Task item = Please repeat, from the entries that follow, the lines from the one containing "Answer: 5 Which" through the one containing "Answer: 80 Which" exactly, adding nothing.

####

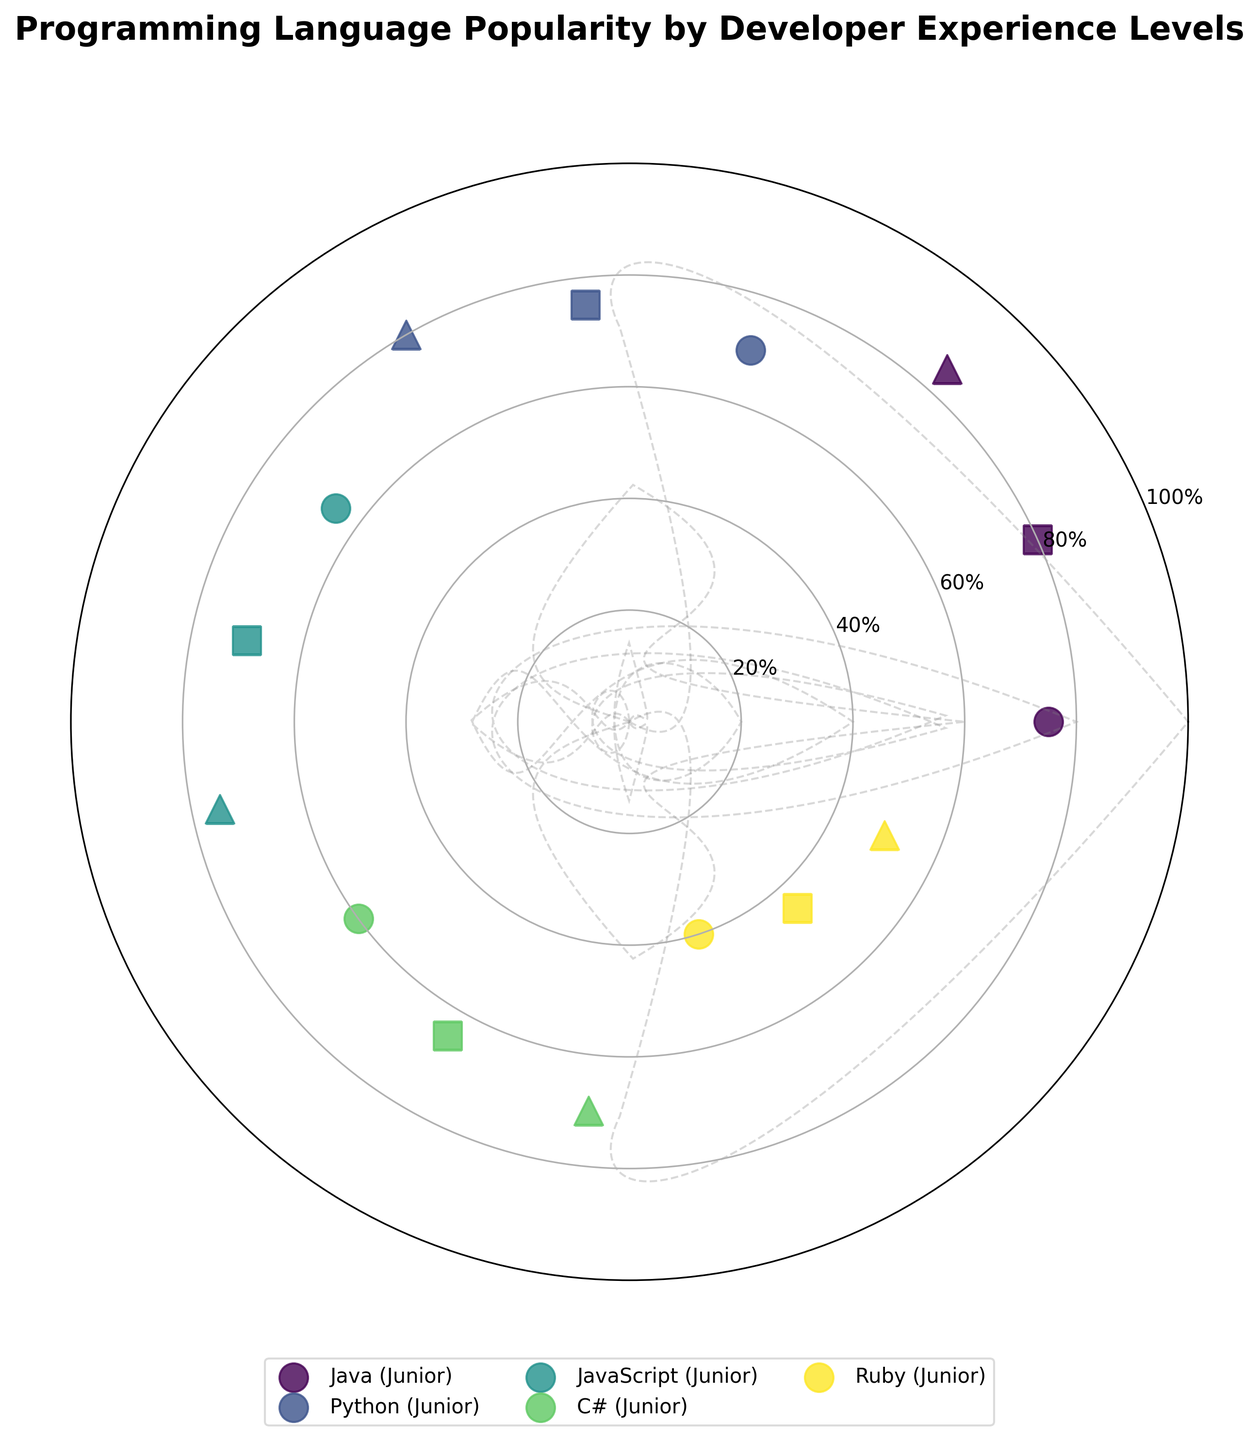What is the title of the figure? The title of the figure is found at the top of the plot, indicating the main subject of the graph.
Answer: Programming Language Popularity by Developer Experience Levels How many programming languages are shown in the figure? Count the number of unique labels in the plot representing different programming languages.
Answer: 5 Which experience level has the highest popularity for Java? Identify the markers associated with Java and compare their popularity values across the different experience levels. Note that there is one scatter point for each level per language. The Senior level has the highest popularity at 85.
Answer: Senior What is the average popularity of Java across all experience levels? Sum the popularity percentages across Junior, Mid, and Senior levels for Java and divide by 3. Calculating: (75 + 80 + 85) / 3 = 240 / 3 = 80
Answer: 80 Which programming language has the lowest popularity among Junior developers? Look for the markers representing programming languages within the Junior category and identify the one with the smallest value. Ruby has the lowest popularity at 40.
Answer: Ruby Is there any programming language that has the same popularity percentage across any two experience levels? Compare the popularity values for each language across Junior, Mid, and Senior levels to check if any two experience levels have the same value. None of the languages has the same popularity percentage across different experience levels.
Answer: No What is the most popular programming language among Senior developers? Identify the Senior category markers and find the language with the highest popularity value. Java has the highest popularity of 85 among Senior developers.
Answer: Java For which programming language does the popularity increase consistently with experience level? Check each language and observe if the popularity values increase as the experience level transitions from Junior to Mid and then to Senior. Java shows consistent increase: 75 (Junior), 80 (Mid), and 85 (Senior).
Answer: Java How does the popularity of Python compare between Junior and Mid developers? Find the popularity values for Python in both Junior and Mid levels and compare them. Python has a popularity of 70 among Junior developers and 75 among Mid developers.
Answer: Mid is greater Which experience level sees the highest overall average popularity of programming languages? Calculate the average popularity for all recorded languages at each experience level and compare those values. Junior: (75 + 70 + 65 + 60 + 40) / 5 = 62; Mid: (80 + 75 + 70 + 65 + 45) / 5 = 67; Senior: (85 + 80 + 75 + 70 + 50) / 5 = 72
Answer: Senior 
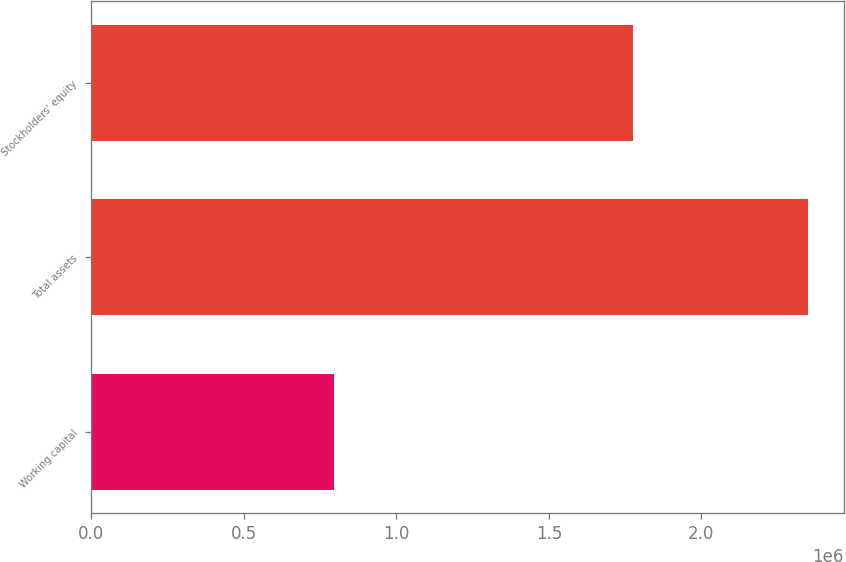Convert chart. <chart><loc_0><loc_0><loc_500><loc_500><bar_chart><fcel>Working capital<fcel>Total assets<fcel>Stockholders' equity<nl><fcel>796213<fcel>2.34864e+06<fcel>1.77666e+06<nl></chart> 
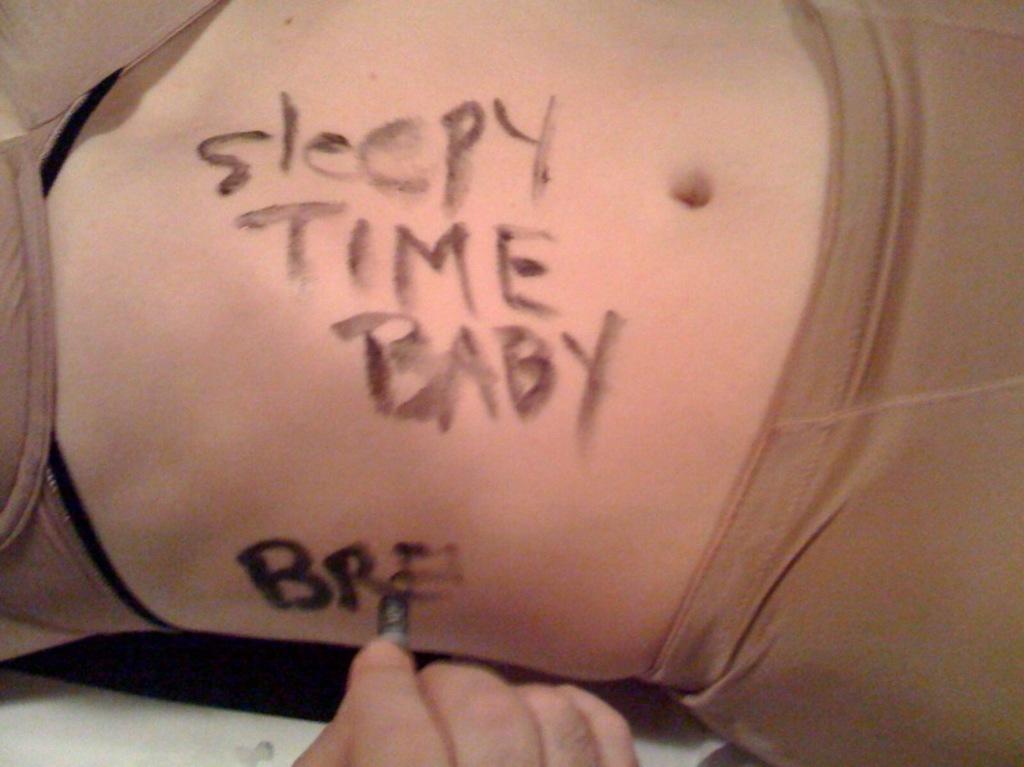Can you describe this image briefly? We can see a woman's stomach. On that something is written. Also we can see a person's hand and is writing something on the stomach. 
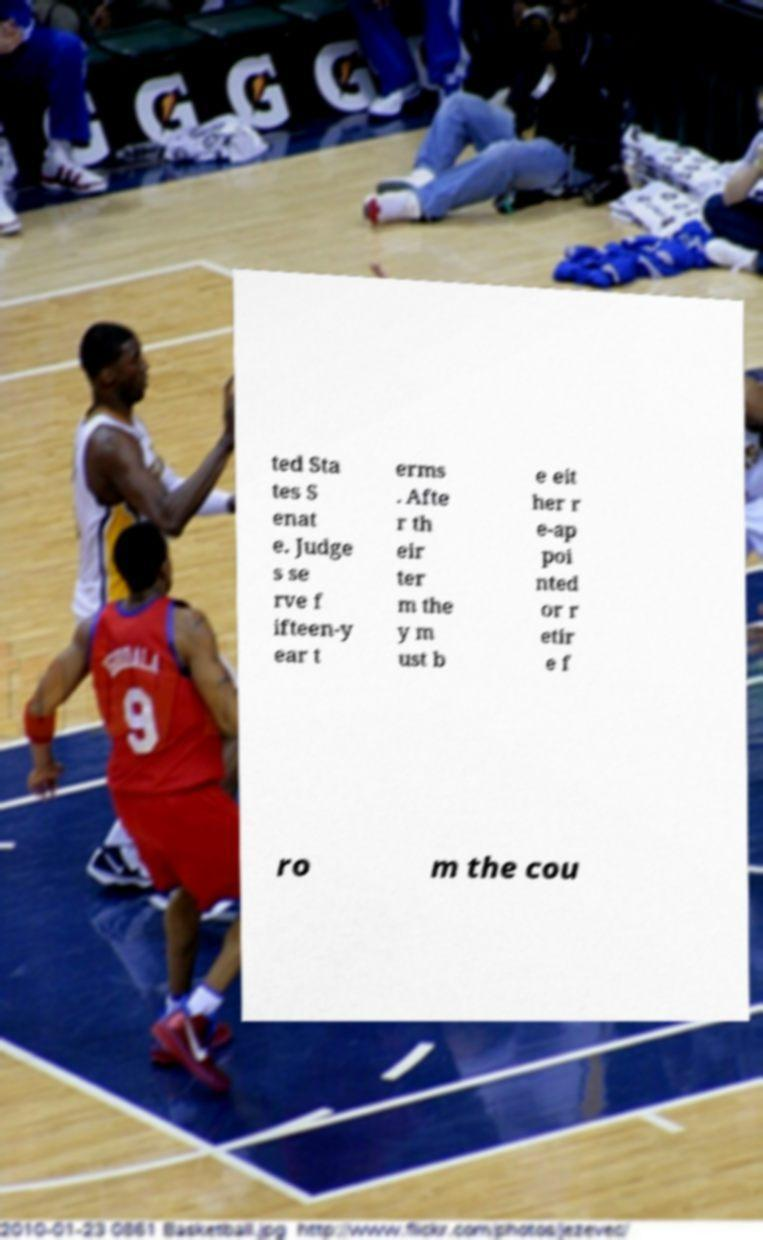Please identify and transcribe the text found in this image. ted Sta tes S enat e. Judge s se rve f ifteen-y ear t erms . Afte r th eir ter m the y m ust b e eit her r e-ap poi nted or r etir e f ro m the cou 
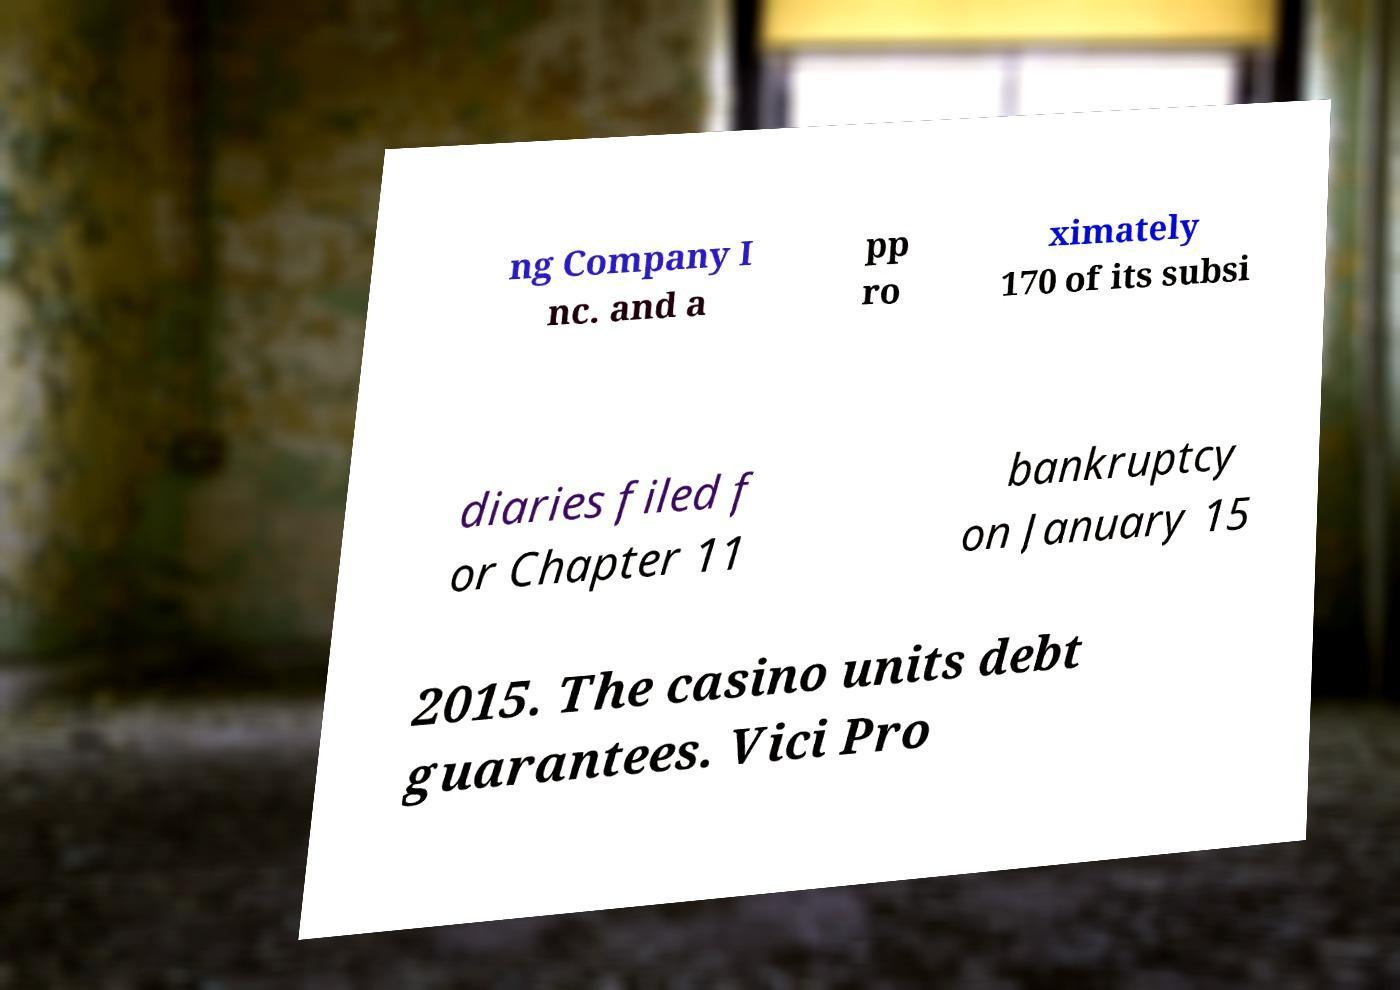Can you accurately transcribe the text from the provided image for me? ng Company I nc. and a pp ro ximately 170 of its subsi diaries filed f or Chapter 11 bankruptcy on January 15 2015. The casino units debt guarantees. Vici Pro 
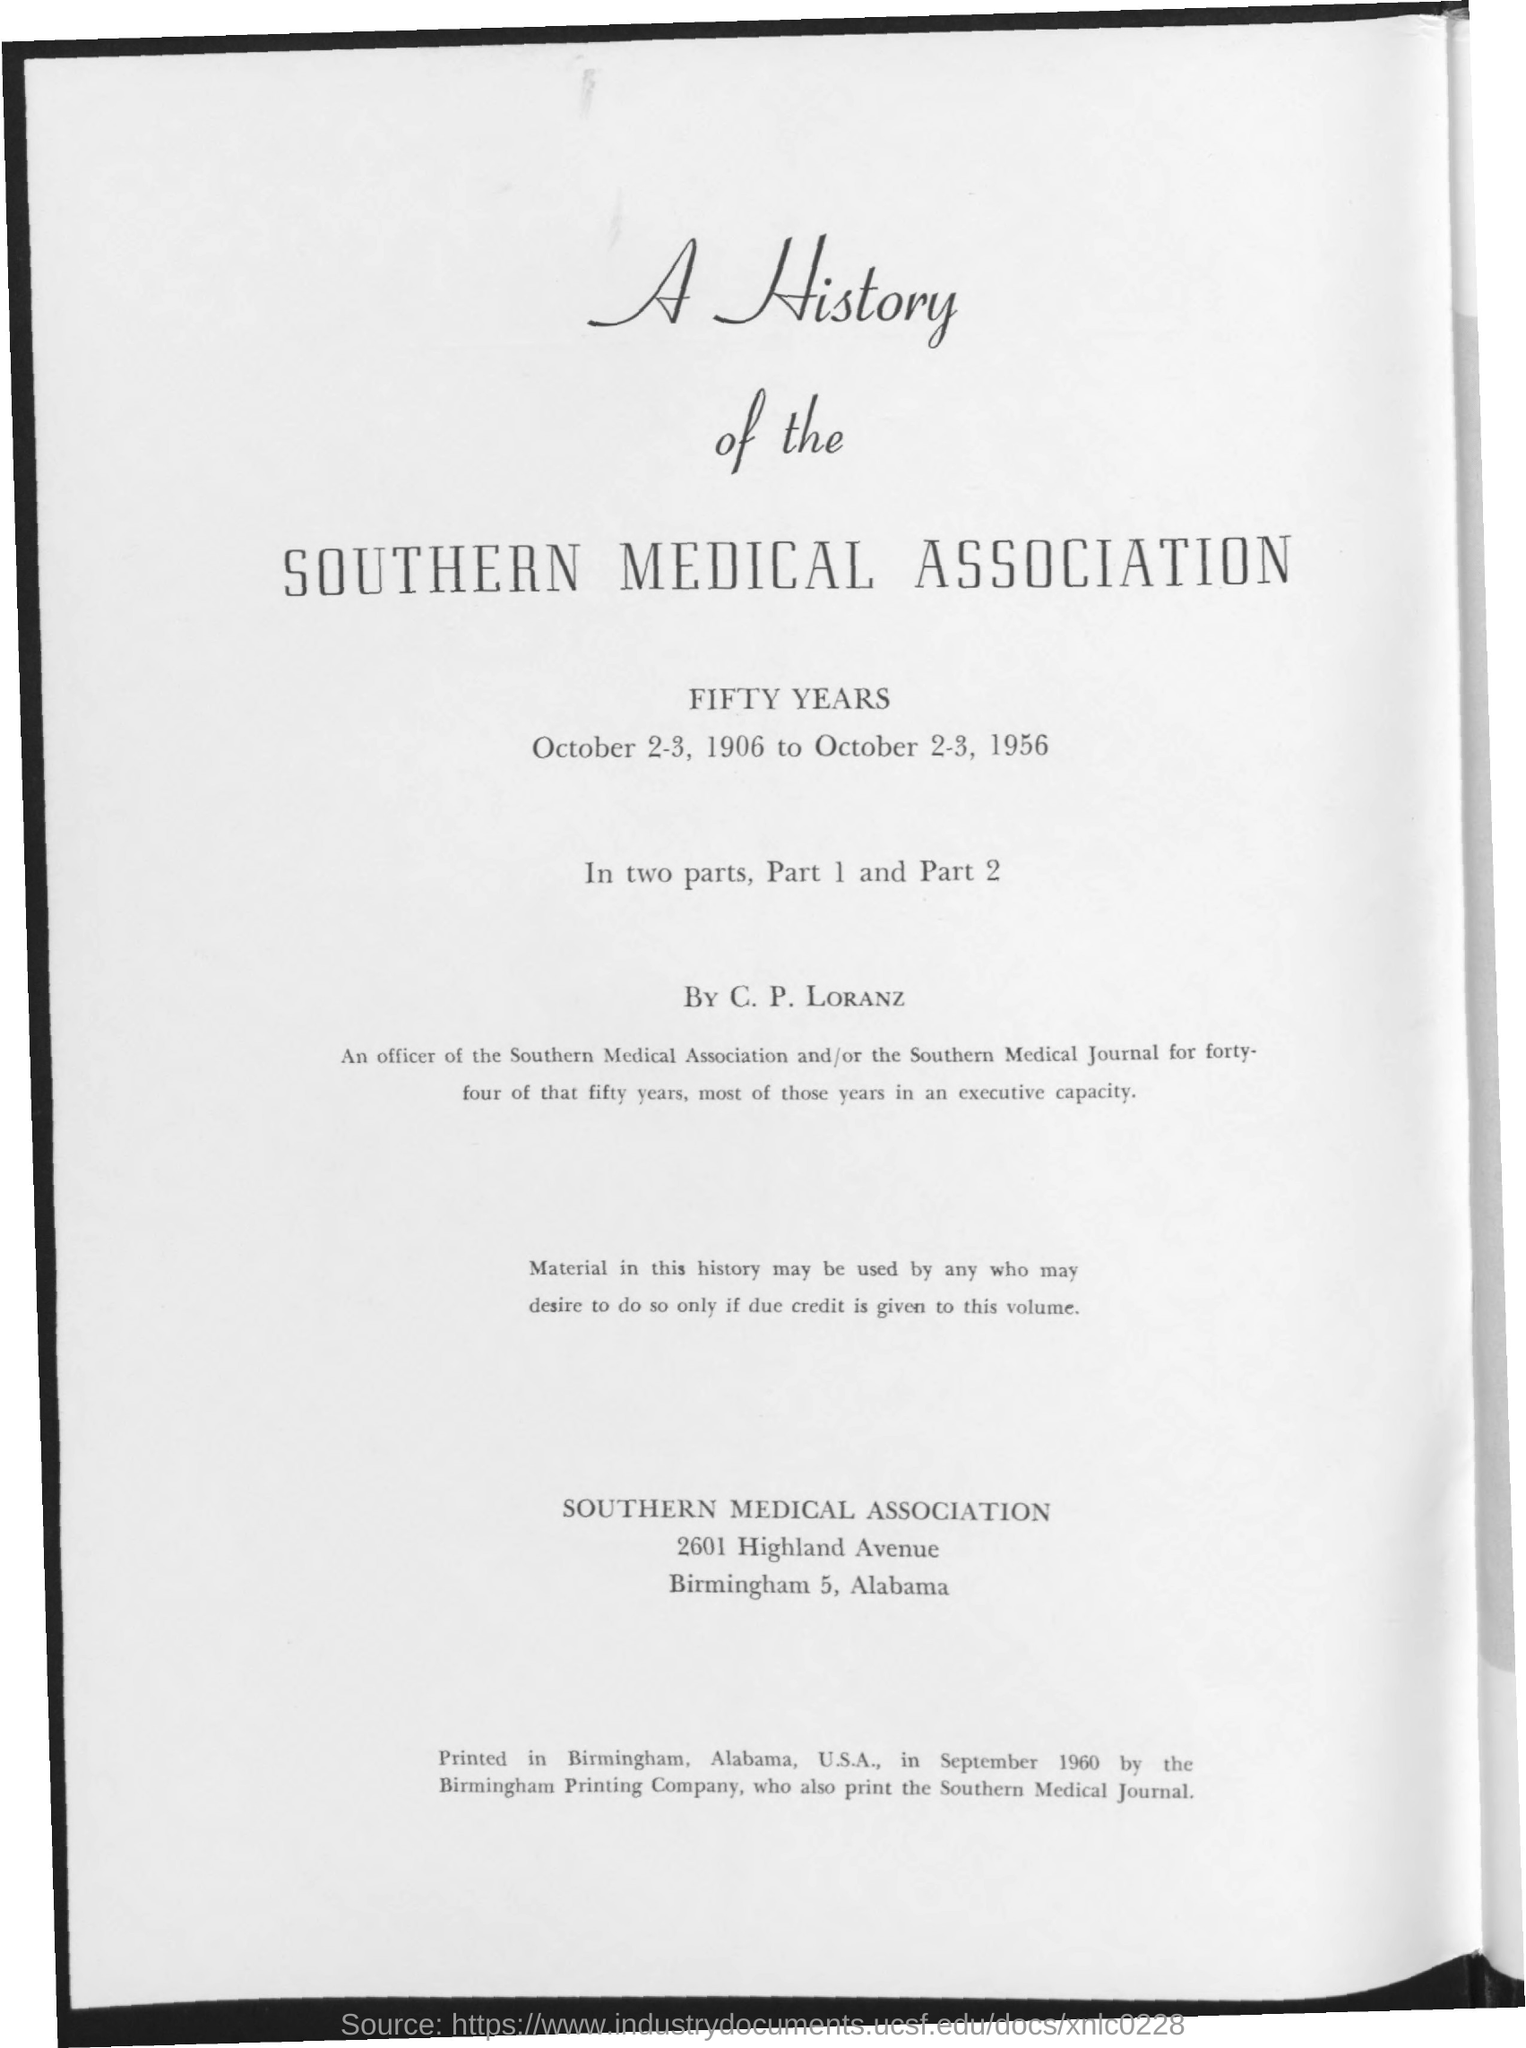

####

Output of the exercise =
Answer: 5 Which experience level has the highest popularity for Java? Identify the markers associated with Java and compare their popularity values across the different experience levels. Note that there is one scatter point for each level per language. The Senior level has the highest popularity at 85.
Answer: Senior What is the average popularity of Java across all experience levels? Sum the popularity percentages across Junior, Mid, and Senior levels for Java and divide by 3. Calculating: (75 + 80 + 85) / 3 = 240 / 3 = 80
Answer: 80 Which programming language has the lowest popularity among Junior developers? Look for the markers representing programming languages within the Junior category and identify the one with the smallest value. Ruby has the lowest popularity at 40.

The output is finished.